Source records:
------------------------------------------------------------------------

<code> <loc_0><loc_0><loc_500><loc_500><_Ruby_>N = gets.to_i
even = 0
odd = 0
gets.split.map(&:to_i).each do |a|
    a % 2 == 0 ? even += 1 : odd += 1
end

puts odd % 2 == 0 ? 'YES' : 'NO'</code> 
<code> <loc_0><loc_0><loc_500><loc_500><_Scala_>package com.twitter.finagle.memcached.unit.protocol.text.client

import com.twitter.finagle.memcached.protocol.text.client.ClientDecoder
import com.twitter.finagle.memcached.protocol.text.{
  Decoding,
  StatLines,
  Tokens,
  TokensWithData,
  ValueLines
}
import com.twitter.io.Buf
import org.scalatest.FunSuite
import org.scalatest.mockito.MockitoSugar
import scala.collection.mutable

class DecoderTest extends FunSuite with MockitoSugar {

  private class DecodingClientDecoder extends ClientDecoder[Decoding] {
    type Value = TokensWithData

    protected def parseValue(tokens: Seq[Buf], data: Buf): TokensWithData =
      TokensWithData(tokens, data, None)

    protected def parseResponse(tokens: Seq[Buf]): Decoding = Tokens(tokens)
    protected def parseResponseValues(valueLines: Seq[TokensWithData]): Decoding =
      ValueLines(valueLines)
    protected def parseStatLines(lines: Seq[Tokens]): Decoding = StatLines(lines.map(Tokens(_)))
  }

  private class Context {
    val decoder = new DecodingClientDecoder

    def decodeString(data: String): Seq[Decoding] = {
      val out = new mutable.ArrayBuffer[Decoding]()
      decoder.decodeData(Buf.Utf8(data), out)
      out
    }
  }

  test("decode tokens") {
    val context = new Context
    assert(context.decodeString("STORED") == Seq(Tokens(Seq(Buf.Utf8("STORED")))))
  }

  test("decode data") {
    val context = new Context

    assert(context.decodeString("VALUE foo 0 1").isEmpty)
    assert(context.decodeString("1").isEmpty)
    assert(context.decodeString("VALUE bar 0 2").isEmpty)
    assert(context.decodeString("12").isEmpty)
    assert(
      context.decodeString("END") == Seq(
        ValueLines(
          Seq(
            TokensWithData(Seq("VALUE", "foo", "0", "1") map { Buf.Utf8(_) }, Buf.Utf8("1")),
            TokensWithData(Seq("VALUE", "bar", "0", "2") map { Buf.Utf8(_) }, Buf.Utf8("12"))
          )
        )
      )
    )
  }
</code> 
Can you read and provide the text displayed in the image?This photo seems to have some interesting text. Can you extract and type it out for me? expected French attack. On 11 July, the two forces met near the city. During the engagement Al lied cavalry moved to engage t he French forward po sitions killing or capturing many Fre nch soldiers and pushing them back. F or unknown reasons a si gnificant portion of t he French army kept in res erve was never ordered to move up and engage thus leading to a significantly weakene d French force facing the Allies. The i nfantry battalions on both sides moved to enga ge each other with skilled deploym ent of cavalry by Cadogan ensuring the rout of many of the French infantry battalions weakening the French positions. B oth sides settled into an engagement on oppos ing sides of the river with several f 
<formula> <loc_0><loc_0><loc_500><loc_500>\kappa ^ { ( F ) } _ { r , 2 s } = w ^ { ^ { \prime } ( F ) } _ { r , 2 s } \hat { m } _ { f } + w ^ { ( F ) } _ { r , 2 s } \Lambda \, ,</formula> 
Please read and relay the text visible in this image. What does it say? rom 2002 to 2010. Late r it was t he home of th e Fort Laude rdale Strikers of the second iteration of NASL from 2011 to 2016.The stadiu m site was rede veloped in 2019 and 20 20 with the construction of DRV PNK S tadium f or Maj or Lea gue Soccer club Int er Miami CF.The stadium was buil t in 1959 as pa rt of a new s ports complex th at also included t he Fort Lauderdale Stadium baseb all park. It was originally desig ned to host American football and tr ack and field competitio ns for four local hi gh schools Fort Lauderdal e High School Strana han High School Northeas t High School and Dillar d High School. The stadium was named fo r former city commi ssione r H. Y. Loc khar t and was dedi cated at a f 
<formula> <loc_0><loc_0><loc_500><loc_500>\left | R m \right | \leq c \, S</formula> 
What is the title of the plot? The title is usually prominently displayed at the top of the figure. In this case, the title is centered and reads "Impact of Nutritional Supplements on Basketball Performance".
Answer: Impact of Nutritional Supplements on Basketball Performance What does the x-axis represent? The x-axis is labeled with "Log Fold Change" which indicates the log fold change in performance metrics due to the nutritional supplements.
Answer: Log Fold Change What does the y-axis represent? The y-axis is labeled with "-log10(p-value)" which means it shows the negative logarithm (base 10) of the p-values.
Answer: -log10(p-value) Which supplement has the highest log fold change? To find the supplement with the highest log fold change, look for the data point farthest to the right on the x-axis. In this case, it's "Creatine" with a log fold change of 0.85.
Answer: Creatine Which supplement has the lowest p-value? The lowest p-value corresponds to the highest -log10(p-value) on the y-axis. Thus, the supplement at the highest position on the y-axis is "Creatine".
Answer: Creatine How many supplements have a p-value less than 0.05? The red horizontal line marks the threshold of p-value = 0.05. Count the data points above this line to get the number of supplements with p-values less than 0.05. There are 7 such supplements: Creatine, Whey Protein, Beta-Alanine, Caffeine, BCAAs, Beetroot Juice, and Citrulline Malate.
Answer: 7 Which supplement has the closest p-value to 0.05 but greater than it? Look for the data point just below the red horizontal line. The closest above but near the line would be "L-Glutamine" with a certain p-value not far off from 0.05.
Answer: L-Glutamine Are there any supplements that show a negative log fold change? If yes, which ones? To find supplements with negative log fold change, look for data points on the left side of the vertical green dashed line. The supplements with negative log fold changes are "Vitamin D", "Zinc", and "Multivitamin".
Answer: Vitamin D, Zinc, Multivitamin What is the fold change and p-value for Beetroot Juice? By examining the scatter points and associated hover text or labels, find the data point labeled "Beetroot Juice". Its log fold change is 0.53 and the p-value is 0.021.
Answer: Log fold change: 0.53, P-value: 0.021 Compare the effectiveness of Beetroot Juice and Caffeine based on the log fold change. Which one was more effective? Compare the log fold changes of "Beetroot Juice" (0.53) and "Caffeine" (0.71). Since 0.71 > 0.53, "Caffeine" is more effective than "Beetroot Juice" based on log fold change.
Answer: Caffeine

------------------------------------------------------------------------

### Required work
Retype all the data. Nothing may be left out or altered.

### Final answer
<code> <loc_0><loc_0><loc_500><loc_500><_Ruby_>N = gets.to_i
even = 0
odd = 0
gets.split.map(&:to_i).each do |a|
    a % 2 == 0 ? even += 1 : odd += 1
end

puts odd % 2 == 0 ? 'YES' : 'NO'</code> 
<code> <loc_0><loc_0><loc_500><loc_500><_Scala_>package com.twitter.finagle.memcached.unit.protocol.text.client

import com.twitter.finagle.memcached.protocol.text.client.ClientDecoder
import com.twitter.finagle.memcached.protocol.text.{
  Decoding,
  StatLines,
  Tokens,
  TokensWithData,
  ValueLines
}
import com.twitter.io.Buf
import org.scalatest.FunSuite
import org.scalatest.mockito.MockitoSugar
import scala.collection.mutable

class DecoderTest extends FunSuite with MockitoSugar {

  private class DecodingClientDecoder extends ClientDecoder[Decoding] {
    type Value = TokensWithData

    protected def parseValue(tokens: Seq[Buf], data: Buf): TokensWithData =
      TokensWithData(tokens, data, None)

    protected def parseResponse(tokens: Seq[Buf]): Decoding = Tokens(tokens)
    protected def parseResponseValues(valueLines: Seq[TokensWithData]): Decoding =
      ValueLines(valueLines)
    protected def parseStatLines(lines: Seq[Tokens]): Decoding = StatLines(lines.map(Tokens(_)))
  }

  private class Context {
    val decoder = new DecodingClientDecoder

    def decodeString(data: String): Seq[Decoding] = {
      val out = new mutable.ArrayBuffer[Decoding]()
      decoder.decodeData(Buf.Utf8(data), out)
      out
    }
  }

  test("decode tokens") {
    val context = new Context
    assert(context.decodeString("STORED") == Seq(Tokens(Seq(Buf.Utf8("STORED")))))
  }

  test("decode data") {
    val context = new Context

    assert(context.decodeString("VALUE foo 0 1").isEmpty)
    assert(context.decodeString("1").isEmpty)
    assert(context.decodeString("VALUE bar 0 2").isEmpty)
    assert(context.decodeString("12").isEmpty)
    assert(
      context.decodeString("END") == Seq(
        ValueLines(
          Seq(
            TokensWithData(Seq("VALUE", "foo", "0", "1") map { Buf.Utf8(_) }, Buf.Utf8("1")),
            TokensWithData(Seq("VALUE", "bar", "0", "2") map { Buf.Utf8(_) }, Buf.Utf8("12"))
          )
        )
      )
    )
  }
</code> 
Can you read and provide the text displayed in the image?This photo seems to have some interesting text. Can you extract and type it out for me? expected French attack. On 11 July, the two forces met near the city. During the engagement Al lied cavalry moved to engage t he French forward po sitions killing or capturing many Fre nch soldiers and pushing them back. F or unknown reasons a si gnificant portion of t he French army kept in res erve was never ordered to move up and engage thus leading to a significantly weakene d French force facing the Allies. The i nfantry battalions on both sides moved to enga ge each other with skilled deploym ent of cavalry by Cadogan ensuring the rout of many of the French infantry battalions weakening the French positions. B oth sides settled into an engagement on oppos ing sides of the river with several f 
<formula> <loc_0><loc_0><loc_500><loc_500>\kappa ^ { ( F ) } _ { r , 2 s } = w ^ { ^ { \prime } ( F ) } _ { r , 2 s } \hat { m } _ { f } + w ^ { ( F ) } _ { r , 2 s } \Lambda \, ,</formula> 
Please read and relay the text visible in this image. What does it say? rom 2002 to 2010. Late r it was t he home of th e Fort Laude rdale Strikers of the second iteration of NASL from 2011 to 2016.The stadiu m site was rede veloped in 2019 and 20 20 with the construction of DRV PNK S tadium f or Maj or Lea gue Soccer club Int er Miami CF.The stadium was buil t in 1959 as pa rt of a new s ports complex th at also included t he Fort Lauderdale Stadium baseb all park. It was originally desig ned to host American football and tr ack and field competitio ns for four local hi gh schools Fort Lauderdal e High School Strana han High School Northeas t High School and Dillar d High School. The stadium was named fo r former city commi ssione r H. Y. Loc khar t and was dedi cated at a f 
<formula> <loc_0><loc_0><loc_500><loc_500>\left | R m \right | \leq c \, S</formula> 
What is the title of the plot? The title is usually prominently displayed at the top of the figure. In this case, the title is centered and reads "Impact of Nutritional Supplements on Basketball Performance".
Answer: Impact of Nutritional Supplements on Basketball Performance What does the x-axis represent? The x-axis is labeled with "Log Fold Change" which indicates the log fold change in performance metrics due to the nutritional supplements.
Answer: Log Fold Change What does the y-axis represent? The y-axis is labeled with "-log10(p-value)" which means it shows the negative logarithm (base 10) of the p-values.
Answer: -log10(p-value) Which supplement has the highest log fold change? To find the supplement with the highest log fold change, look for the data point farthest to the right on the x-axis. In this case, it's "Creatine" with a log fold change of 0.85.
Answer: Creatine Which supplement has the lowest p-value? The lowest p-value corresponds to the highest -log10(p-value) on the y-axis. Thus, the supplement at the highest position on the y-axis is "Creatine".
Answer: Creatine How many supplements have a p-value less than 0.05? The red horizontal line marks the threshold of p-value = 0.05. Count the data points above this line to get the number of supplements with p-values less than 0.05. There are 7 such supplements: Creatine, Whey Protein, Beta-Alanine, Caffeine, BCAAs, Beetroot Juice, and Citrulline Malate.
Answer: 7 Which supplement has the closest p-value to 0.05 but greater than it? Look for the data point just below the red horizontal line. The closest above but near the line would be "L-Glutamine" with a certain p-value not far off from 0.05.
Answer: L-Glutamine Are there any supplements that show a negative log fold change? If yes, which ones? To find supplements with negative log fold change, look for data points on the left side of the vertical green dashed line. The supplements with negative log fold changes are "Vitamin D", "Zinc", and "Multivitamin".
Answer: Vitamin D, Zinc, Multivitamin What is the fold change and p-value for Beetroot Juice? By examining the scatter points and associated hover text or labels, find the data point labeled "Beetroot Juice". Its log fold change is 0.53 and the p-value is 0.021.
Answer: Log fold change: 0.53, P-value: 0.021 Compare the effectiveness of Beetroot Juice and Caffeine based on the log fold change. Which one was more effective? Compare the log fold changes of "Beetroot Juice" (0.53) and "Caffeine" (0.71). Since 0.71 > 0.53, "Caffeine" is more effective than "Beetroot Juice" based on log fold change.
Answer: Caffeine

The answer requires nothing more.